* Work task
Once the line with "Rendered at 875 by 1241 pixels." is found in the data, output it and each following line exactly, up to and including the line with "text GUGL. Il", and nothing before or after.

[Start of Attachment]

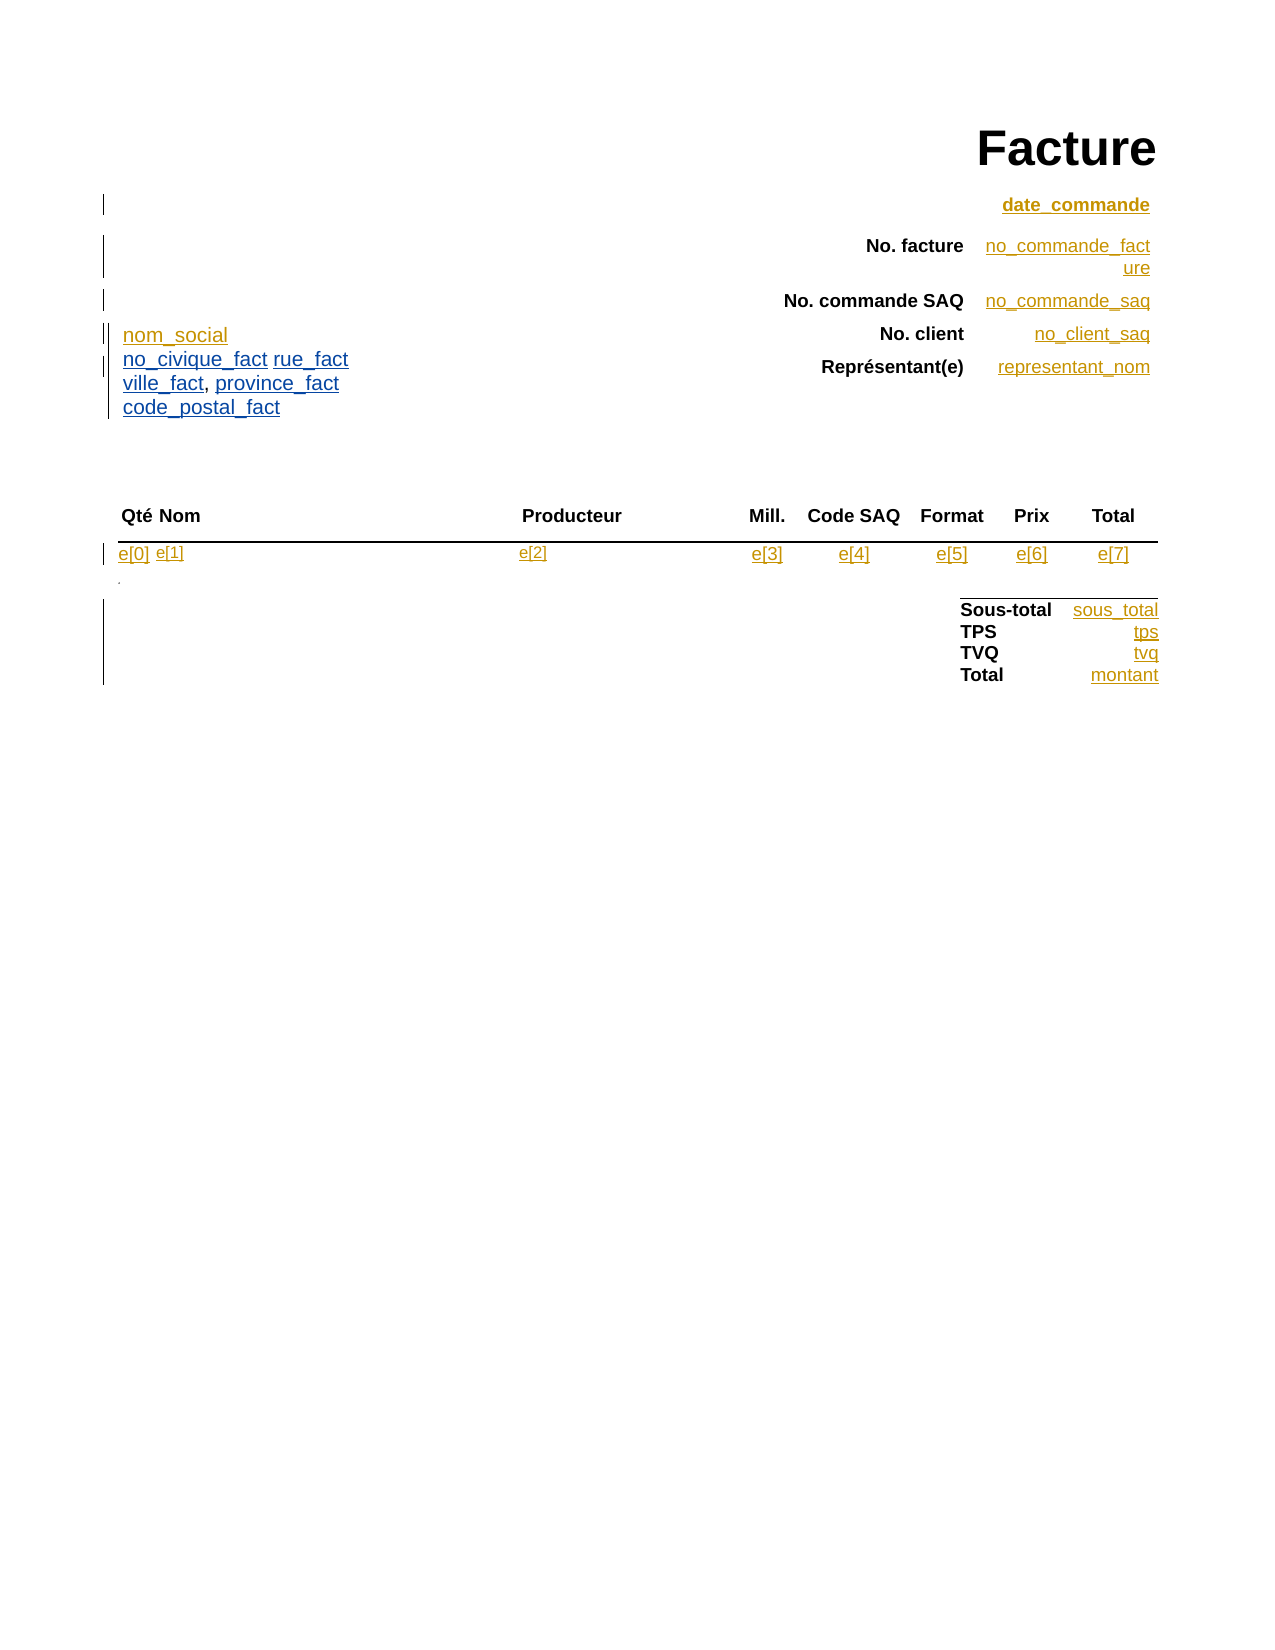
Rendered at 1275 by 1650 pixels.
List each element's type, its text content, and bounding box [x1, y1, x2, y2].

table_cell e[3] [736, 543, 798, 581]
table_header Format [909, 501, 994, 541]
table_cell e[1] [156, 543, 519, 581]
table_header Sous-total [960, 599, 1069, 621]
table_cell e[5] [909, 543, 994, 581]
table_cell e[7] [1069, 543, 1158, 581]
table_header Total [1069, 501, 1158, 541]
table_header Producteur [519, 501, 736, 541]
table_cell tps [1069, 621, 1158, 642]
table_cell tvq [1069, 642, 1158, 664]
text no_civique_fact rue_fact [123, 347, 683, 371]
table_cell No. client [691, 317, 969, 350]
table_header Qté [118, 501, 156, 541]
table_cell representant_nom [970, 350, 1156, 389]
text a [118, 581, 1157, 586]
table_cell No. commande SAQ [691, 284, 969, 317]
table_cell TPS [960, 621, 1069, 642]
text Facture [118, 118, 1157, 323]
table_cell e[6] [994, 543, 1069, 581]
table_cell e[4] [798, 543, 909, 581]
text [123, 418, 683, 447]
table_header date_commande [970, 188, 1156, 229]
table_header Prix [994, 501, 1069, 541]
table_header sous_total [1069, 599, 1158, 621]
table_header Mill. [736, 501, 798, 541]
table_cell no_client_saq [970, 317, 1156, 350]
table_cell No. facture [691, 229, 969, 284]
text code_postal_fact [123, 394, 683, 418]
table_header [691, 188, 969, 229]
table_cell e[0] [118, 543, 156, 581]
table_cell Représentant(e) [691, 350, 969, 389]
table_cell montant [1069, 664, 1158, 685]
table_cell no_commande_saq [970, 284, 1156, 317]
table_cell Total [960, 664, 1069, 685]
table_header Nom [156, 501, 519, 541]
text ville_fact, province_fact [123, 371, 683, 394]
table_cell TVQ [960, 642, 1069, 664]
table_header Code SAQ [798, 501, 909, 541]
text nom_social [123, 323, 683, 347]
table_cell no_commande_facture [970, 229, 1156, 284]
table_cell e[2] [519, 543, 736, 581]
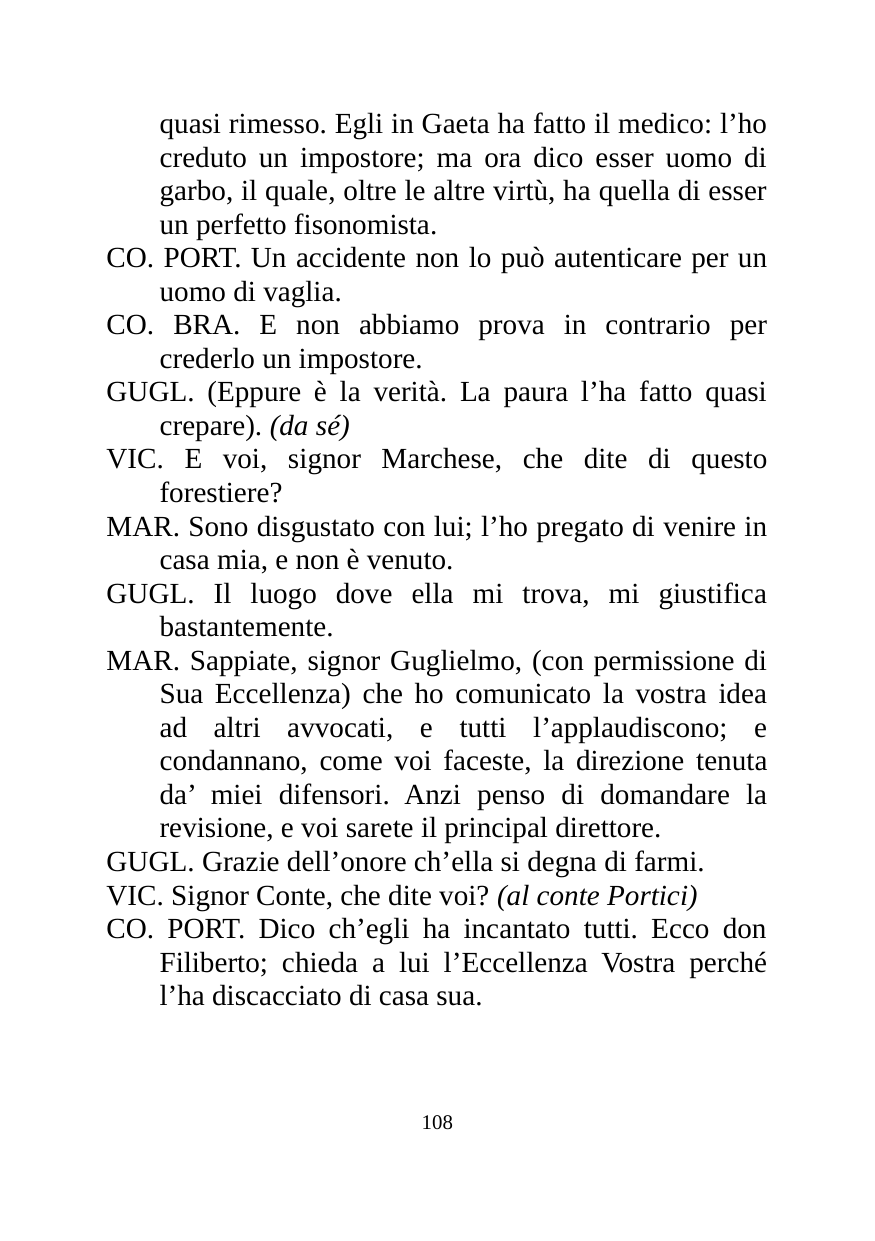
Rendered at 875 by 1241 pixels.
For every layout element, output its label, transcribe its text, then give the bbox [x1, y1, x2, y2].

text GUGL. Il luogo dove ella mi trova, mi giustifica bastantemente. [106, 576, 768, 643]
text MAR. Sappiate, signor Guglielmo, (con permissione di Sua Eccellenza) che ho comunicato la vostra idea ad altri avvocati, e tutti l’applaudiscono; e condannano, come voi faceste, la direzione tenuta da’ miei difensori. Anzi penso di domandare la revisione, e voi sarete il principal direttore. [106, 643, 768, 844]
text CO. PORT. Un accidente non lo può autenticare per un uomo di vaglia. [106, 240, 768, 307]
text GUGL. (Eppure è la verità. La paura l’ha fatto quasi crepare). (da sé) [106, 374, 768, 442]
text CO. PORT. Dico ch’egli ha incantato tutti. Ecco don Filiberto; chieda a lui l’Eccellenza Vostra perché l’ha discacciato di casa sua. [106, 911, 768, 1012]
text VIC. Signor Conte, che dite voi? (al conte Portici) [106, 878, 768, 911]
text VIC. E voi, signor Marchese, che dite di questo forestiere? [106, 442, 768, 509]
text MAR. Sono disgustato con lui; l’ho pregato di venire in casa mia, e non è venuto. [106, 509, 768, 576]
text CO. BRA. E non abbiamo prova in contrario per crederlo un impostore. [106, 307, 768, 374]
text quasi rimesso. Egli in Gaeta ha fatto il medico: l’ho creduto un impostore; ma ora dico esser uomo di garbo, il quale, oltre le altre virtù, ha quella di esser un perfetto fisonomista. [106, 106, 768, 240]
text GUGL. Grazie dell’onore ch’ella si degna di farmi. [106, 844, 768, 878]

[End of Attachment]

* Exercise response
Rendered at 875 by 1241 pixels.
For every layout element, output its label, transcribe its text, then give the bbox [x1, y1, x2, y2].

text GUGL. Il luogo dove ella mi trova, mi giustifica bastantemente. [106, 576, 768, 643]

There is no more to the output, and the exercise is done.